START Available data

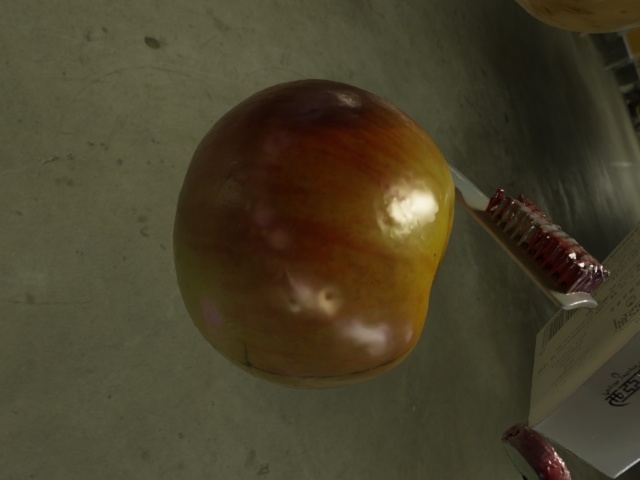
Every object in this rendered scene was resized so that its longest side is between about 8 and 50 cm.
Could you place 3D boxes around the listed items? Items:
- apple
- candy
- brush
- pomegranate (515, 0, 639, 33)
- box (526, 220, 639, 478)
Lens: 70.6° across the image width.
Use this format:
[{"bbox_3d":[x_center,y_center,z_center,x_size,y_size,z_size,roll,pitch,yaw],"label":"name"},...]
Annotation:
[{"bbox_3d":[0.000,0.000,0.434,0.286,0.232,0.286,11,90,-72],"label":"apple"},{"bbox_3d":[0.306,0.315,0.648,0.043,0.103,0.103,-33,104,-9],"label":"candy"},{"bbox_3d":[0.182,-0.053,0.507,0.060,0.050,0.321,3,37,-30],"label":"brush"},{"bbox_3d":[0.194,-0.241,0.274,0.215,0.215,0.216,22,59,-43],"label":"pomegranate"},{"bbox_3d":[0.389,0.117,0.556,0.116,0.274,0.203,30,35,11],"label":"box"}]

END Available data

◆ Task statement: Only the text of the listing above is wanted, transcribed exactly, without its images.

◆ Result of the task:
Every object in this rendered scene was resized so that its longest side is between about 8 and 50 cm.
Could you place 3D boxes around the listed items? Items:
- apple
- candy
- brush
- pomegranate (515, 0, 639, 33)
- box (526, 220, 639, 478)
Lens: 70.6° across the image width.
Use this format:
[{"bbox_3d":[x_center,y_center,z_center,x_size,y_size,z_size,roll,pitch,yaw],"label":"name"},...]
Annotation:
[{"bbox_3d":[0.000,0.000,0.434,0.286,0.232,0.286,11,90,-72],"label":"apple"},{"bbox_3d":[0.306,0.315,0.648,0.043,0.103,0.103,-33,104,-9],"label":"candy"},{"bbox_3d":[0.182,-0.053,0.507,0.060,0.050,0.321,3,37,-30],"label":"brush"},{"bbox_3d":[0.194,-0.241,0.274,0.215,0.215,0.216,22,59,-43],"label":"pomegranate"},{"bbox_3d":[0.389,0.117,0.556,0.116,0.274,0.203,30,35,11],"label":"box"}]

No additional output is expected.